Transcribe the records from the line containing "</g></defs>" onward, up to and including the final line, exactly and without anything else.

Extracted data -
......

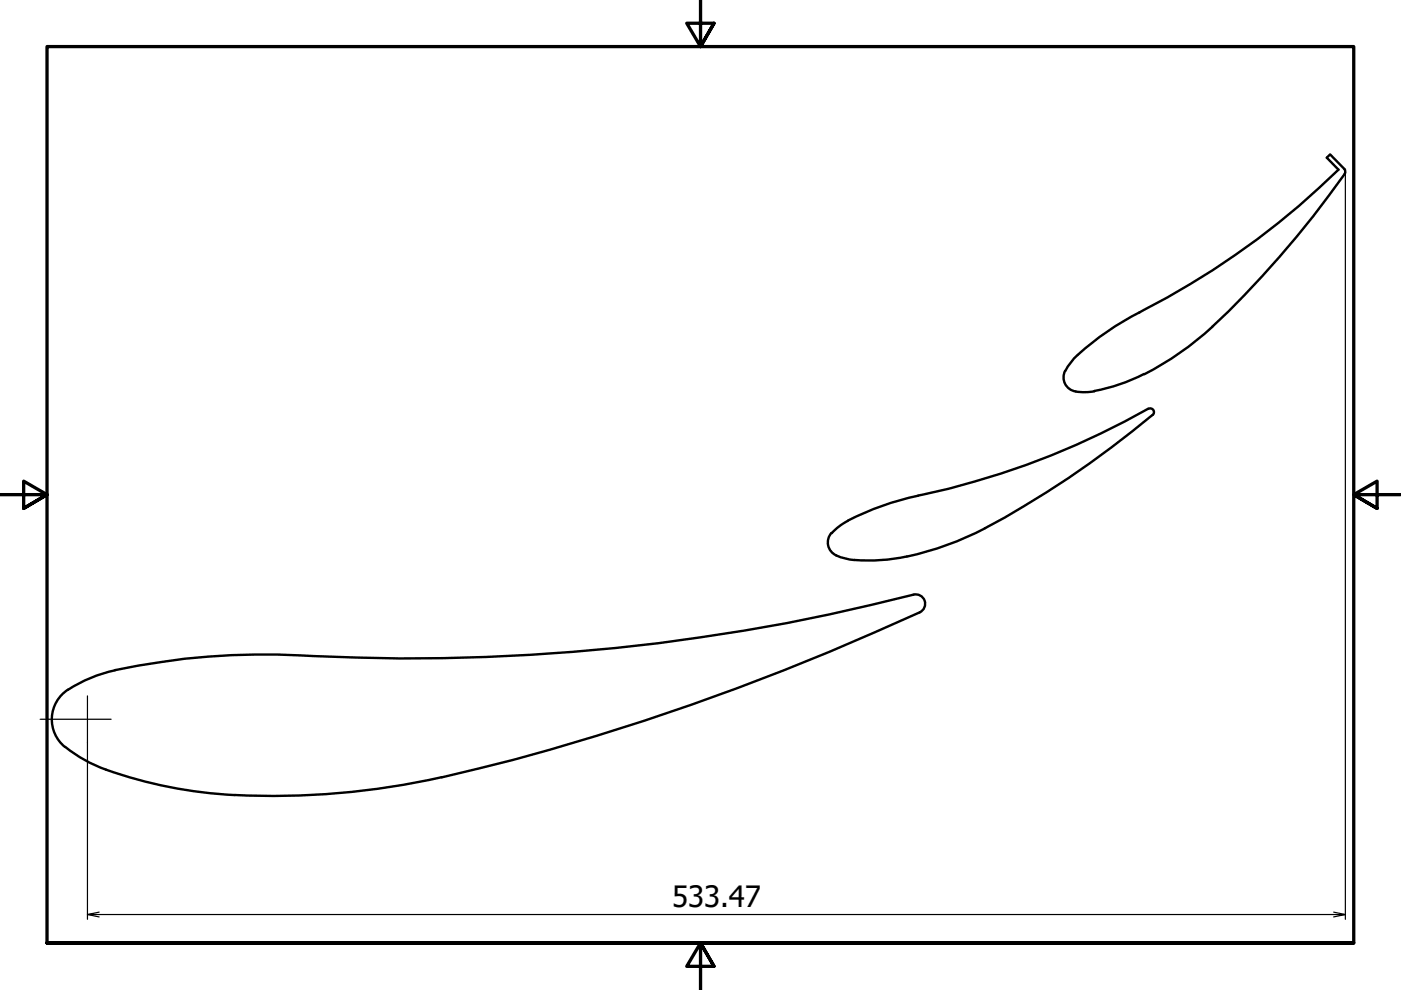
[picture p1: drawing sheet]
<svg xmlns="http://www.w3.org/2000/svg" width="297mm" height="210mm" viewBox="0 0 297 210" stroke-linecap="round" stroke-linejoin="round" font-family="sans-serif">
<defs><g id="words">
<text font-size="6.2" x="142.5" y="192.2">533.47</text>
</g></defs>
<!-- layer: Visible (ISO) -->
<g fill="none" stroke="#000" stroke-width=".51">
<path d="M285 35.8a.79 .79 0 0 1 .1 1M285.1 35.8l-3.1-3.1-.7 .7 2.5 2.6a173.8 173.8 0 0 1-42.2 30.3M285.1 36.9a215.7 215.7 0 0 1-28.1 32.4M225.8 78.6a3 3 0 0 0 2.2 4.4M228.5 75.3l-1.3 1.3-1.3 2.1M241.6 66.2a60 60 0 0 0-13.1 9M242.5 79.3a38.4 38.4 0 0 1-10.5 3.6M257.1 69.3a65.5 65.5 0 0 1-14.5 10M232.1 83l-2.3 .2-1.7-.2M243.5 86.6a168.1 168.1 0 0 1-48.8 18.5M243.5 86.7a.79 .79 0 0 1 1 .2 .79 .79 0 0 1-.1 1.1M244.3 88a199.6 199.6 0 0 1-39.1 25.8 50.4 50.4 0 0 1-24 4.9 8.1 8.1 0 0 1-5-1.8 3 3 0 0 1 .1-3.9"/>
<path d="M179.7 110.4l-1.5 1-1.9 1.7M194.7 105.1a60 60 0 0 0-15 5.3M193.7 126.1a2 2 0 0 1 2.3 1.2 2 2 0 0 1-1 2.5M193.7 126.1a432.4 432.4 0 0 1-134.8 12.7 141.6 141.6 0 0 0-36.6 3.9 30 30 0 0 0-7.8 3.5M195 129.8a530.2 530.2 0 0 1-101.3 35M13.8 158.4a32.3 32.3 0 0 0 12 5.9 101 101 0 0 0 32.8 4.5 163.7 163.7 0 0 0 35-4M14.4 146.2a7.5 7.5 0 0 0-.6 12.2"/>
</g>
<!-- layer: Border (ISO) -->
<path d="M148.5 -.1v10l-2.9-5h5.8l-2.9 5 2.9-5M0 104.9h10l-5-2.9v5.8l5-2.9-5 2.9M297 104.9h-10l5-2.9v5.8l-5-2.9 5 2.9M10 199.9v-190h277v190h-277h277M151.4 204.9l-2.9-5 2.9 5h-5.8l2.9-5v10" fill="none" stroke="#000" stroke-width=".7"/>
<!-- layer: Center Mark (ISO) -->
<path d="M8.5 152.5h15.1M18.5 147.5v10" fill="none" stroke="#000" stroke-width=".25"/>
<!-- layer: Dimension (ISO) -->
<path d="M285.2 36.4v158.5M18.5 157.5v37.4M18.5 193.9l2.5 .5M21 193.4l-2.5 .5h266.7l-2.4 .5M282.8 193.4l2.4 .5" fill="none" stroke="#000" stroke-width=".25"/>
<use href="#words"/>
</svg>

......

Expected answer -
</g></defs>
<!-- layer: Visible (ISO) -->
<g fill="none" stroke="#000" stroke-width=".51">
<path d="M285 35.8a.79 .79 0 0 1 .1 1M285.1 35.8l-3.1-3.1-.7 .7 2.5 2.6a173.8 173.8 0 0 1-42.2 30.3M285.1 36.9a215.7 215.7 0 0 1-28.1 32.4M225.8 78.6a3 3 0 0 0 2.2 4.4M228.5 75.3l-1.3 1.3-1.3 2.1M241.6 66.2a60 60 0 0 0-13.1 9M242.5 79.3a38.4 38.4 0 0 1-10.5 3.6M257.1 69.3a65.5 65.5 0 0 1-14.5 10M232.1 83l-2.3 .2-1.7-.2M243.5 86.6a168.1 168.1 0 0 1-48.8 18.5M243.5 86.7a.79 .79 0 0 1 1 .2 .79 .79 0 0 1-.1 1.1M244.3 88a199.6 199.6 0 0 1-39.1 25.8 50.4 50.4 0 0 1-24 4.9 8.1 8.1 0 0 1-5-1.8 3 3 0 0 1 .1-3.9"/>
<path d="M179.7 110.4l-1.5 1-1.9 1.7M194.7 105.1a60 60 0 0 0-15 5.3M193.7 126.1a2 2 0 0 1 2.3 1.2 2 2 0 0 1-1 2.5M193.7 126.1a432.4 432.4 0 0 1-134.8 12.7 141.6 141.6 0 0 0-36.6 3.9 30 30 0 0 0-7.8 3.5M195 129.8a530.2 530.2 0 0 1-101.3 35M13.8 158.4a32.3 32.3 0 0 0 12 5.9 101 101 0 0 0 32.8 4.5 163.7 163.7 0 0 0 35-4M14.4 146.2a7.5 7.5 0 0 0-.6 12.2"/>
</g>
<!-- layer: Border (ISO) -->
<path d="M148.5 -.1v10l-2.9-5h5.8l-2.9 5 2.9-5M0 104.9h10l-5-2.9v5.8l5-2.9-5 2.9M297 104.9h-10l5-2.9v5.8l-5-2.9 5 2.9M10 199.9v-190h277v190h-277h277M151.4 204.9l-2.9-5 2.9 5h-5.8l2.9-5v10" fill="none" stroke="#000" stroke-width=".7"/>
<!-- layer: Center Mark (ISO) -->
<path d="M8.5 152.5h15.1M18.5 147.5v10" fill="none" stroke="#000" stroke-width=".25"/>
<!-- layer: Dimension (ISO) -->
<path d="M285.2 36.4v158.5M18.5 157.5v37.4M18.5 193.9l2.5 .5M21 193.4l-2.5 .5h266.7l-2.4 .5M282.8 193.4l2.4 .5" fill="none" stroke="#000" stroke-width=".25"/>
<use href="#words"/>
</svg>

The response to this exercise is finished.